Assad has been moving chemical weapons to ‘airports’ on borders, rebels claim
Free Syrian Army leadership says regime began transferring stockpiles months ago
Ilan Ben Zion is an AFP reporter and a former news editor at The Times of Israel.
Syria is moving chemical weapons to “airports” on its borders, the Free Syrian Army claimed on Tuesday, a day after Syria acknowledged for the first time that it maintains an arsenal of chemical weaponry.
“We in the joint command of the Free Syrian Army inside the country know very well the locations and positions of these weapons,” a statement from the FSA said.
“We also reveal that Assad has transferred some of these weapons and equipment for mixing chemical components to airports on the border.”
“According to our information, the regime began moving its stocks of weapons of mass destruction several months ago … with the goal of putting pressure on the region and the international community,” the FSA said.
There was no independent confirmation of the FSA claim.
A Syrian army defector General Mustafa Sheikh, citing rebel intelligence, told Reuters on Saturday that the Assad regime “has started moving its chemical stockpile and redistributing it to prepare for its use.”
Syrian Foreign Ministry spokesman Jihad Makdissi triggered a tidal wave of international condemnation on Monday when he said his country’s chemical weapons arsenal was secure and would only be used to deter a foreign assault. His comments marked Syria’s first acknowledgement of a chemical weapons capacity.
“No chemical or biological weapons will ever be used, and I repeat, will never be used, during the crisis in Syria no matter what the developments inside Syria,” Makdissi said. “All of these types of weapons are in storage and under security and the direct supervision of the Syrian armed forces and will never be used unless Syria is exposed to external aggression.”
President Barack Obama said that the United States would “continue to make it clear to Assad and those around him that the world is watching,” and that “they will be held accountable by the international community and the United States should they make the tragic mistake of using those weapons.”
US State Department spokeswoman Victoria Nuland said that “any possible use of these kinds of weapons would be completely unacceptable.”

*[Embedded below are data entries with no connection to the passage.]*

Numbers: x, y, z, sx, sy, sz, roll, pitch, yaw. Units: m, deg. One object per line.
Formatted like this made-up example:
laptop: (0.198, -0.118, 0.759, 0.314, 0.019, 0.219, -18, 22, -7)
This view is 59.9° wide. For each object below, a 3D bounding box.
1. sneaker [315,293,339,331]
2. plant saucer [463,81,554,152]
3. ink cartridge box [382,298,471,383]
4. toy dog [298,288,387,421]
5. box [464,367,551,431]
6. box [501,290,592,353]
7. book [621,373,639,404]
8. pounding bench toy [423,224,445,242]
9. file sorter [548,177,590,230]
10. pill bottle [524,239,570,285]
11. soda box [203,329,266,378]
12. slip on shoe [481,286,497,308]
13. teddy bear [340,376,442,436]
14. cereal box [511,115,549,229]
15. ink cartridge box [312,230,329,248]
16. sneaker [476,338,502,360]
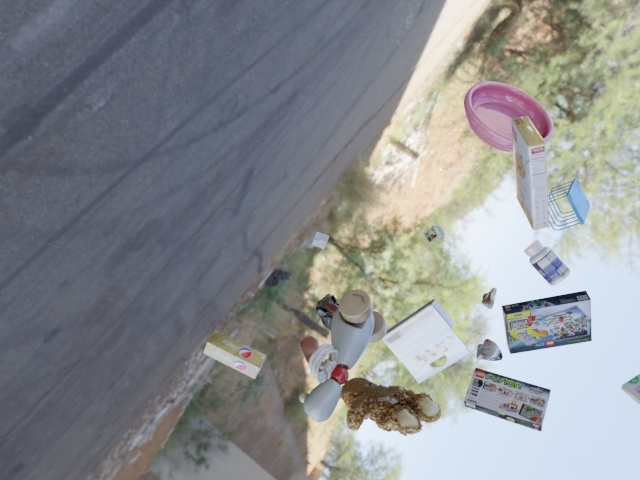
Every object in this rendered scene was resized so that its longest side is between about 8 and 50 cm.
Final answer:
sneaker: (0.058, 0.257, 1.817, 0.087, 0.130, 0.227, -40, -146, -14)
plant saucer: (0.655, -0.427, 1.969, 0.332, 0.332, 0.084, -47, 167, -38)
ink cartridge box: (0.414, 0.396, 2.172, 0.275, 0.239, 0.060, -41, 179, 30)
toy dog: (0.027, 0.261, 1.374, 0.333, 0.161, 0.220, -41, 131, -41)
box: (0.513, 0.434, 1.529, 0.114, 0.207, 0.036, -57, 146, -33)
box: (0.649, 0.237, 1.594, 0.044, 0.233, 0.159, -86, 162, -56)
book: (1.146, 0.539, 1.939, 0.096, 0.144, 0.035, -27, 131, -14)
pounding bench toy: (0.459, -0.025, 2.301, 0.083, 0.052, 0.065, -6, 152, -41)
file sorter: (0.857, -0.123, 1.942, 0.104, 0.118, 0.170, -24, -171, 39)
pill bottle: (0.612, 0.059, 1.509, 0.067, 0.120, 0.067, -40, 173, -6)
soda box: (-0.262, 0.347, 1.697, 0.061, 0.181, 0.058, -63, 180, 37)
slip on shoe: (0.596, 0.200, 1.970, 0.135, 0.041, 0.051, -45, 148, -59)
teddy bear: (0.192, 0.494, 1.619, 0.338, 0.113, 0.245, -5, -166, 36)
cereal box: (0.529, -0.172, 1.405, 0.173, 0.047, 0.240, -85, 161, -56)
ink cartridge box: (0.000, 0.000, 1.944, 0.083, 0.048, 0.028, 107, 4, -71)
sneaker: (0.502, 0.322, 1.612, 0.158, 0.064, 0.061, 86, 16, -79)
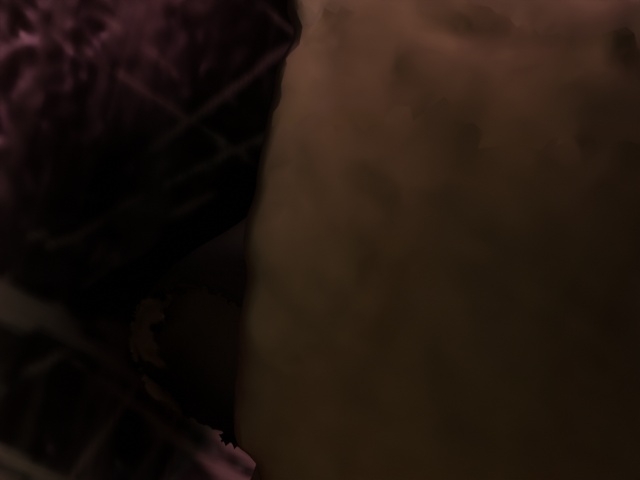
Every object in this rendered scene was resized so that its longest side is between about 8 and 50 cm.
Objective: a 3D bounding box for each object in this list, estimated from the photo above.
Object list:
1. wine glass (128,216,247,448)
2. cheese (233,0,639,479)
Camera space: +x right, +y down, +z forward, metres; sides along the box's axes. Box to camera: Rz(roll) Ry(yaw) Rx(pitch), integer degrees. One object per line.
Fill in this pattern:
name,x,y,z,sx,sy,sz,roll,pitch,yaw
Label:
wine glass,0.000,0.000,0.501,0.072,0.072,0.155,57,45,-19
cheese,0.100,0.043,0.465,0.292,0.153,0.332,-7,101,-60
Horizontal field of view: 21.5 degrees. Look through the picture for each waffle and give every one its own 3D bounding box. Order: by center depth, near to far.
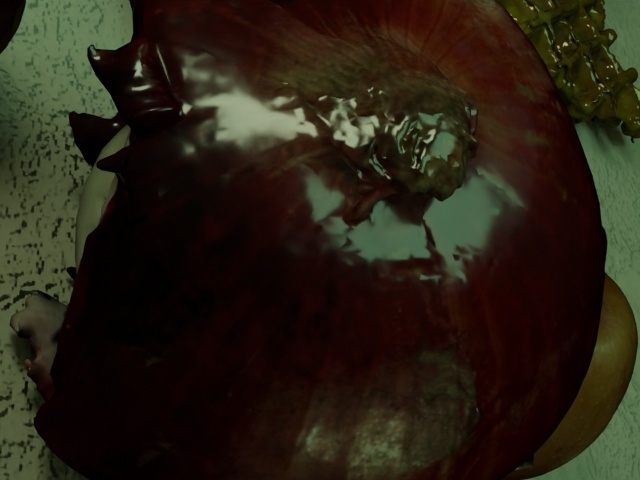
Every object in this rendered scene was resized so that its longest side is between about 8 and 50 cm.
[{"bbox_3d":[0.221,-0.239,1.591,0.259,0.069,0.293,24,50,-38],"label":"waffle"}]

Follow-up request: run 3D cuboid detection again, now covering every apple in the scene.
[{"bbox_3d":[0.118,0.061,1.135,0.201,0.162,0.201,32,44,-37],"label":"apple"}]

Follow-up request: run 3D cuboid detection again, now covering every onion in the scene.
[{"bbox_3d":[-0.003,0.007,0.889,0.341,0.341,0.341,32,42,-35],"label":"onion"}]

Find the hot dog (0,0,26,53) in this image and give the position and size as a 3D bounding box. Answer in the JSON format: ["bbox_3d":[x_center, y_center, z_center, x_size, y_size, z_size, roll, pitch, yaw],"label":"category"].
[{"bbox_3d":[-0.255,-0.139,0.855,0.227,0.099,0.160,-4,68,-52],"label":"hot dog"}]
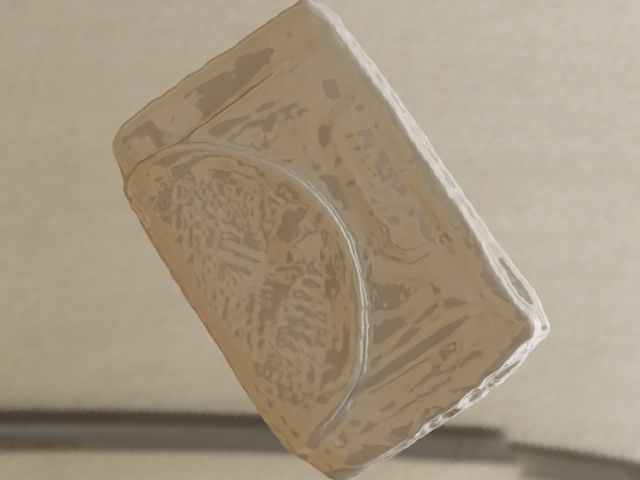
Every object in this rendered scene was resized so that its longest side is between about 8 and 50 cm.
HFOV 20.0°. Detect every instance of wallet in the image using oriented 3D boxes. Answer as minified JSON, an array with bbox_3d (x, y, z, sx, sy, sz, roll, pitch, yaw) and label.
[{"bbox_3d":[0.000,0.000,0.759,0.124,0.032,0.183,-34,-101,6],"label":"wallet"}]
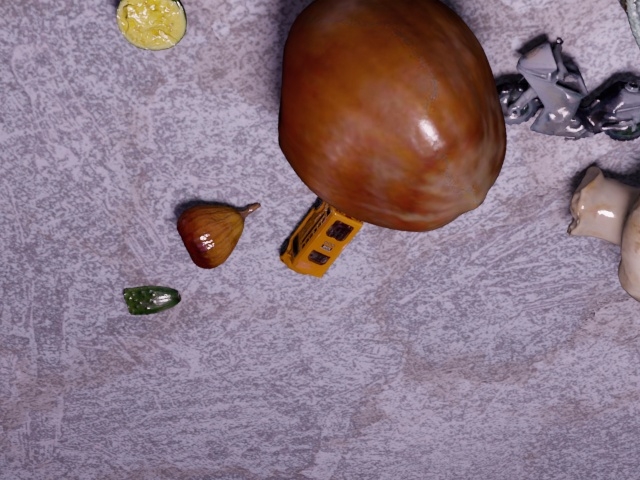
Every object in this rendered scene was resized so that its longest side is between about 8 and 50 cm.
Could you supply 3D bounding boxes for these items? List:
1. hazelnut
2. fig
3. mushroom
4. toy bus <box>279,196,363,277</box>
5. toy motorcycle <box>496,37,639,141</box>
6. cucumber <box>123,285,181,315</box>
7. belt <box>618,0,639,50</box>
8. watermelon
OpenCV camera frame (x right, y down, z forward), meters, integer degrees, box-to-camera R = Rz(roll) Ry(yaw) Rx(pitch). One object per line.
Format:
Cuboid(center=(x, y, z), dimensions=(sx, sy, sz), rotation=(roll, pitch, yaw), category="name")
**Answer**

President Shimon Peres on Monday condemned Damascus’s statements about deploying chemical weapons in the event of a foreign attack, and said Israel would do whatever it takes to eliminate the threat these weapons pose to the Jewish state.
IDF Chief of the General Staff Lt. Gen. Benny Gantz warned Tuesday that although Syria’s chemical weapons have not yet moved into “undesirable hands… that does not mean it will not happen.”
Prime Minister Benjamin Netanyahu and Defense Minister Ehud Barak have both indicated in recent days that Israel will not allow chemical weapons to fall into the hands of Hezbollah. Foreign Minister Avigdor Liberman said Tuesday that, were any such transfer of weaponry to begin, Israel would regard it as a “clear casus belli.”
“In the moment we see that the Syrians transfer chemical and biological weapons to Hezbollah, this is a red line for us, and from our point of view it’s a clear casus belli,” Liberman said at a press conference in Brussels. “We will act decisively and without hesitation or restraint. It will be a completely different ballgame. And we hope for the understanding from the international community and we hope for cooperation.”